Les premiers jours de 2018 ont marqué le lancement de la
distribution gratuite de 500 000 ordinateurs
portables aux étudiants
camerounais dans le cadre du programme « higher education vision » du
président Paul Biya. Mais pour ce dernier, comme pour ses bénéficiaires,
il semblerait que le cadeau de début d’année soit devenu empoisonné.
C’était une promesse formulée en 2016. Le président Paul Biya
s’était alors engagé à distribuer gratuitement de janvier à juin 2018,
500 000 ordinateurs portables aux étudiants camerounais du public et du
privé dans le cadre de son programme baptisé « higher education
vision ».
Inspirée d’initiatives similaires lancées au Gabon, en
Guinée et en Côte-d’Ivoire, l’opération « un étudiant, un ordinateur »,
chiffrée à 75 milliards de FCFA (114 336 763 €), est train de se
transformer en fiasco farfelu, ridiculisant le président et quelques
membres de son administration.
Un disque dur trop léger
En cause, les caractéristiques de ces bijoux flambant neufs,
tout droit sortis des usines chinoises du fabricant hongkongais
Shenzhen Technology. Les « PBHev » pour « Paul Biya higher education
vision », s’avèrent être parfaitement inadaptés aux usages des étudiants
camerounais. Leur capacité de stockage est réduite à peau de chagrin
par le choix d’un disque dur SSD utile à l’amélioration de la puissance
d’une machine, mais totalement inadéquat en ce qui concerne le stockage
de fichiers.
Or, à Yaoundé, Douala ou ailleurs, les étudiants ont
davantage besoin de stocker leurs documents de cours, plutôt que de
faire fonctionner des logiciels lourds. Et quand bien même ils auraient
besoin de ces derniers, ils ne pourraient les installer sur leur PC,
faute d’espace disponible.
Revente au marché noir
Voyant les polémiques naître sur plusieurs fronts, Roger
Atsa Etoundi, le directeur des systèmes d’information du ministère de
l’Enseignement supérieur, et son ministre Jacques Fame Ndongo, ont par
deux fois tenté maladroitement de jouer la pédagogie, préconisant aux
étudiants d’opter pour un abonnement cloud pour augmenter leur espace de
stockage.
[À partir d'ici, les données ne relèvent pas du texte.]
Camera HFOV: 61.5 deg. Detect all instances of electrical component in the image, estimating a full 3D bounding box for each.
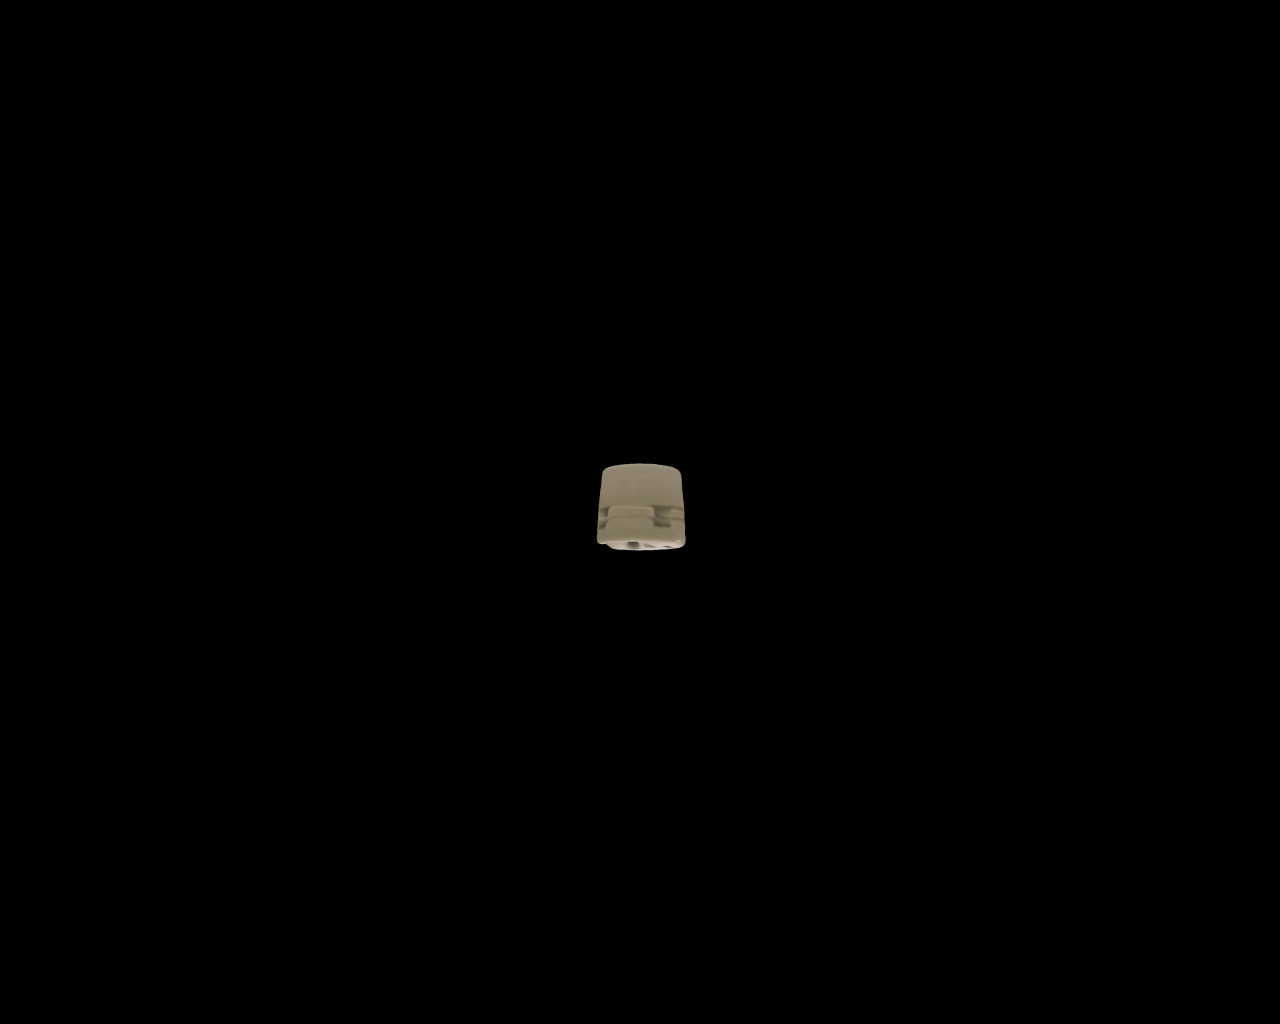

Un conseil qui semble plutôt osé dans un pays classé parmi les derniers en termes d’accessibilité à l’Internet fixe et mobile en 2017 par l’Alliance for affordable Internet (A4AI).
Des incohérences ont aussi été relevées concernant le coût réel des PBHev. Le 26 décembre à la télévision nationale, Jacques Fame Ndongo, ministre de l’Enseignement supérieur camerounais, assurait que le prix de revient du PC était de 300 000 FCFA (457 euros). Trois jours plus tard sur Twitter, son collègue du ministère de la Communication, Issa Tchiroma Bakary, avançait que leur véritable valeur marchande était de 100 000 FCFA (152 euros).
Or, entre temps, des internautes ont retrouvé le produit en
vente pour 85 dollars (70 euros) sur le site de commerce en ligne
Alibaba, posant ainsi des questions sur la gestion des négociations avec
le fabricant.
Des machines défaillantes
Depuis quelques semaines, les pannes et bug semblent se
multiplier sur les ordinateurs du président. Des étudiants ont découvert
qu’ils n’avaient pas la licence pour la suite de logiciels Office 365
de Microsoft, censée être comprise dans la machine. D’autres n’arrivent
tout bonnement plus à allumer leur ordinateur.
Conséquence de ces couacs à répétition : des opportuns ont
choisi de brader leur PBHev sur Facebook ou directement sur le marché
noir de l’avenue Kennedy, haut lieu de la dépanne high-tech à Yaoundé.
Pour les étudiants, comme pour Paul Biya, ces ordinateurs se
sont donc transformés en cadeau empoisonnés. Pourtant, 400 000 sont
encore à distribuer dans tout le pays.